_Aim of the exercise_.
Copy out all of the entries below without any change.

Records for processing: Begin

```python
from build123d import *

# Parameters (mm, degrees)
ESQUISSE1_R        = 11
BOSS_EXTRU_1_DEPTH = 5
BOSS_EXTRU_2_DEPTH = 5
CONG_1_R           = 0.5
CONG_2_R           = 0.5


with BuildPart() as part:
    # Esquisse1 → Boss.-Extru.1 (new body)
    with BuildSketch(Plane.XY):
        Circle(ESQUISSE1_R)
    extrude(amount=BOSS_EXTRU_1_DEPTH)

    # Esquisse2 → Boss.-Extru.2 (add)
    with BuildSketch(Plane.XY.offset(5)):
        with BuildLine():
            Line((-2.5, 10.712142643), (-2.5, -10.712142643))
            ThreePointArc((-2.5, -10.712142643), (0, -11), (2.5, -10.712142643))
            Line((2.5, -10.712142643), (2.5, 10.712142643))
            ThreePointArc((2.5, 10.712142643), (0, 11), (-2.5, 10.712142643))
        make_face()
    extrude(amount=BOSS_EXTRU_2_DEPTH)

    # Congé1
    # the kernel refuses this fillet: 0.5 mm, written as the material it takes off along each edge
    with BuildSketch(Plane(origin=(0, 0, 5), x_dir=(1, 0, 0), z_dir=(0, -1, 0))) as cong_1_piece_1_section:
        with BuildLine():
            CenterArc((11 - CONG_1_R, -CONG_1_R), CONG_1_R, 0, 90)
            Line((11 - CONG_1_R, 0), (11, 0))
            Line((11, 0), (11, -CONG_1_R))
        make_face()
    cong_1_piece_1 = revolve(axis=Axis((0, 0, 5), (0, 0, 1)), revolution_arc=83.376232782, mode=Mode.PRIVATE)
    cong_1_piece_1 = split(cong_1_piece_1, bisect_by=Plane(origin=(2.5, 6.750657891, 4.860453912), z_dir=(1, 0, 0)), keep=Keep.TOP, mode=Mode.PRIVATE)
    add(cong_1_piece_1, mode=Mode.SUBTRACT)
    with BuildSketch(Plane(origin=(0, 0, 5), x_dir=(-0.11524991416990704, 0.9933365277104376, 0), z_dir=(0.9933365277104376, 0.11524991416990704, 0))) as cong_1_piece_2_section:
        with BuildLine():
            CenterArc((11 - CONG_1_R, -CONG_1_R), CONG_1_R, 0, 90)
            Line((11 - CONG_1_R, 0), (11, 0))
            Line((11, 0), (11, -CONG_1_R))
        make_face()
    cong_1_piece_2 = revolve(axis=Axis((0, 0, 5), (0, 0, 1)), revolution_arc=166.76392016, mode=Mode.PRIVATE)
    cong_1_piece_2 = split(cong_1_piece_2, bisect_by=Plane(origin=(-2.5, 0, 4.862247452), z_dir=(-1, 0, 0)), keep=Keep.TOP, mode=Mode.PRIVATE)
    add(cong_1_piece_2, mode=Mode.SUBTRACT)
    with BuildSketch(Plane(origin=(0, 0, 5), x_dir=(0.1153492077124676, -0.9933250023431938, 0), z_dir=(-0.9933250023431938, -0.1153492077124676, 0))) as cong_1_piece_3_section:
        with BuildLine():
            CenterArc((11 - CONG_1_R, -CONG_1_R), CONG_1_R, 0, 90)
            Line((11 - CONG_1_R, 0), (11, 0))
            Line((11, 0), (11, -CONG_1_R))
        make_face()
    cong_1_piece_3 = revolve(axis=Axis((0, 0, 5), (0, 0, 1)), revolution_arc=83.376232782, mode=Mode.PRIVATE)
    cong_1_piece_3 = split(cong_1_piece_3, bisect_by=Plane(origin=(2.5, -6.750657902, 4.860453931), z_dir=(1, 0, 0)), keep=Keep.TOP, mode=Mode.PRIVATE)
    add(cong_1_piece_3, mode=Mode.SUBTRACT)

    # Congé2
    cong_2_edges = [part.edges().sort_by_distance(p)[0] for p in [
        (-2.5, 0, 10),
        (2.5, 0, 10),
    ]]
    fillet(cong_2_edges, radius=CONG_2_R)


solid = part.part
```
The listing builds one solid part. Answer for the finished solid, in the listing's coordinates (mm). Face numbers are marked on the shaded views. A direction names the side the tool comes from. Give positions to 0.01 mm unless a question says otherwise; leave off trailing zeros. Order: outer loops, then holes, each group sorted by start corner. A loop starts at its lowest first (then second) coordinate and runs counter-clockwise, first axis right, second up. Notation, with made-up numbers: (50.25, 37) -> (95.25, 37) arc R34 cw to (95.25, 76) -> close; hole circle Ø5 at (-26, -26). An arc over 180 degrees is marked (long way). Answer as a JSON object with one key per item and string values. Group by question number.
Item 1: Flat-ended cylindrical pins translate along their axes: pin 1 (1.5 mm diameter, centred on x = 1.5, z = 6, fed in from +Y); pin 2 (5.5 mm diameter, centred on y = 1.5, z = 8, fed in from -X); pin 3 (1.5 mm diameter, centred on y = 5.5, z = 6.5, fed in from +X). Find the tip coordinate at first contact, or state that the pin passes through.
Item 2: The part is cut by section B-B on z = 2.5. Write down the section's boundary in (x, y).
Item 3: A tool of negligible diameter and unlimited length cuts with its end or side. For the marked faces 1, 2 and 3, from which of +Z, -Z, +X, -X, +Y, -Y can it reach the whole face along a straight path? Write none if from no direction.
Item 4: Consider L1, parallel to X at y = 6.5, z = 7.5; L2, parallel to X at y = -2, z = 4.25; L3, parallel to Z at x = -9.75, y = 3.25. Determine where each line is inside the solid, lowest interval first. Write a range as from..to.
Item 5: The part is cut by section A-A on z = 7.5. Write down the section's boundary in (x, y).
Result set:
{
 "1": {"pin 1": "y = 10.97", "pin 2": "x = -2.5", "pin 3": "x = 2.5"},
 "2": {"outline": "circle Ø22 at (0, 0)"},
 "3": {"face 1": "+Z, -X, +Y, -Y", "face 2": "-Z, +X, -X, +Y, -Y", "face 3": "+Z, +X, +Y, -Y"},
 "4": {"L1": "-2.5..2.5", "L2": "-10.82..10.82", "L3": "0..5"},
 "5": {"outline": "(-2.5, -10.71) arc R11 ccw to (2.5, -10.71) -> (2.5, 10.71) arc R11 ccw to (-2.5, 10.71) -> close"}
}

Records for processing: End

_Completed task_.
```python
from build123d import *

# Parameters (mm, degrees)
ESQUISSE1_R        = 11
BOSS_EXTRU_1_DEPTH = 5
BOSS_EXTRU_2_DEPTH = 5
CONG_1_R           = 0.5
CONG_2_R           = 0.5


with BuildPart() as part:
    # Esquisse1 → Boss.-Extru.1 (new body)
    with BuildSketch(Plane.XY):
        Circle(ESQUISSE1_R)
    extrude(amount=BOSS_EXTRU_1_DEPTH)

    # Esquisse2 → Boss.-Extru.2 (add)
    with BuildSketch(Plane.XY.offset(5)):
        with BuildLine():
            Line((-2.5, 10.712142643), (-2.5, -10.712142643))
            ThreePointArc((-2.5, -10.712142643), (0, -11), (2.5, -10.712142643))
            Line((2.5, -10.712142643), (2.5, 10.712142643))
            ThreePointArc((2.5, 10.712142643), (0, 11), (-2.5, 10.712142643))
        make_face()
    extrude(amount=BOSS_EXTRU_2_DEPTH)

    # Congé1
    # the kernel refuses this fillet: 0.5 mm, written as the material it takes off along each edge
    with BuildSketch(Plane(origin=(0, 0, 5), x_dir=(1, 0, 0), z_dir=(0, -1, 0))) as cong_1_piece_1_section:
        with BuildLine():
            CenterArc((11 - CONG_1_R, -CONG_1_R), CONG_1_R, 0, 90)
            Line((11 - CONG_1_R, 0), (11, 0))
            Line((11, 0), (11, -CONG_1_R))
        make_face()
    cong_1_piece_1 = revolve(axis=Axis((0, 0, 5), (0, 0, 1)), revolution_arc=83.376232782, mode=Mode.PRIVATE)
    cong_1_piece_1 = split(cong_1_piece_1, bisect_by=Plane(origin=(2.5, 6.750657891, 4.860453912), z_dir=(1, 0, 0)), keep=Keep.TOP, mode=Mode.PRIVATE)
    add(cong_1_piece_1, mode=Mode.SUBTRACT)
    with BuildSketch(Plane(origin=(0, 0, 5), x_dir=(-0.11524991416990704, 0.9933365277104376, 0), z_dir=(0.9933365277104376, 0.11524991416990704, 0))) as cong_1_piece_2_section:
        with BuildLine():
            CenterArc((11 - CONG_1_R, -CONG_1_R), CONG_1_R, 0, 90)
            Line((11 - CONG_1_R, 0), (11, 0))
            Line((11, 0), (11, -CONG_1_R))
        make_face()
    cong_1_piece_2 = revolve(axis=Axis((0, 0, 5), (0, 0, 1)), revolution_arc=166.76392016, mode=Mode.PRIVATE)
    cong_1_piece_2 = split(cong_1_piece_2, bisect_by=Plane(origin=(-2.5, 0, 4.862247452), z_dir=(-1, 0, 0)), keep=Keep.TOP, mode=Mode.PRIVATE)
    add(cong_1_piece_2, mode=Mode.SUBTRACT)
    with BuildSketch(Plane(origin=(0, 0, 5), x_dir=(0.1153492077124676, -0.9933250023431938, 0), z_dir=(-0.9933250023431938, -0.1153492077124676, 0))) as cong_1_piece_3_section:
        with BuildLine():
            CenterArc((11 - CONG_1_R, -CONG_1_R), CONG_1_R, 0, 90)
            Line((11 - CONG_1_R, 0), (11, 0))
            Line((11, 0), (11, -CONG_1_R))
        make_face()
    cong_1_piece_3 = revolve(axis=Axis((0, 0, 5), (0, 0, 1)), revolution_arc=83.376232782, mode=Mode.PRIVATE)
    cong_1_piece_3 = split(cong_1_piece_3, bisect_by=Plane(origin=(2.5, -6.750657902, 4.860453931), z_dir=(1, 0, 0)), keep=Keep.TOP, mode=Mode.PRIVATE)
    add(cong_1_piece_3, mode=Mode.SUBTRACT)

    # Congé2
    cong_2_edges = [part.edges().sort_by_distance(p)[0] for p in [
        (-2.5, 0, 10),
        (2.5, 0, 10),
    ]]
    fillet(cong_2_edges, radius=CONG_2_R)


solid = part.part
```
The listing builds one solid part. Answer for the finished solid, in the listing's coordinates (mm). Face numbers are marked on the shaded views. A direction names the side the tool comes from. Give positions to 0.01 mm unless a question says otherwise; leave off trailing zeros. Order: outer loops, then holes, each group sorted by start corner. A loop starts at its lowest first (then second) coordinate and runs counter-clockwise, first axis right, second up. Notation, with made-up numbers: (50.25, 37) -> (95.25, 37) arc R34 cw to (95.25, 76) -> close; hole circle Ø5 at (-26, -26). An arc over 180 degrees is marked (long way). Answer as a JSON object with one key per item and string values. Group by question number.
Item 1: Flat-ended cylindrical pins translate along their axes: pin 1 (1.5 mm diameter, centred on x = 1.5, z = 6, fed in from +Y); pin 2 (5.5 mm diameter, centred on y = 1.5, z = 8, fed in from -X); pin 3 (1.5 mm diameter, centred on y = 5.5, z = 6.5, fed in from +X). Find the tip coordinate at first contact, or state that the pin passes through.
Item 2: The part is cut by section B-B on z = 2.5. Write down the section's boundary in (x, y).
Item 3: A tool of negligible diameter and unlimited length cuts with its end or side. For the marked faces 1, 2 and 3, from which of +Z, -Z, +X, -X, +Y, -Y can it reach the whole face along a straight path? Write none if from no direction.
Item 4: Consider L1, parallel to X at y = 6.5, z = 7.5; L2, parallel to X at y = -2, z = 4.25; L3, parallel to Z at x = -9.75, y = 3.25. Determine where each line is inside the solid, lowest interval first. Write a range as from..to.
Item 5: The part is cut by section A-A on z = 7.5. Write down the section's boundary in (x, y).
Result set:
{
 "1": {"pin 1": "y = 10.97", "pin 2": "x = -2.5", "pin 3": "x = 2.5"},
 "2": {"outline": "circle Ø22 at (0, 0)"},
 "3": {"face 1": "+Z, -X, +Y, -Y", "face 2": "-Z, +X, -X, +Y, -Y", "face 3": "+Z, +X, +Y, -Y"},
 "4": {"L1": "-2.5..2.5", "L2": "-10.82..10.82", "L3": "0..5"},
 "5": {"outline": "(-2.5, -10.71) arc R11 ccw to (2.5, -10.71) -> (2.5, 10.71) arc R11 ccw to (-2.5, 10.71) -> close"}
}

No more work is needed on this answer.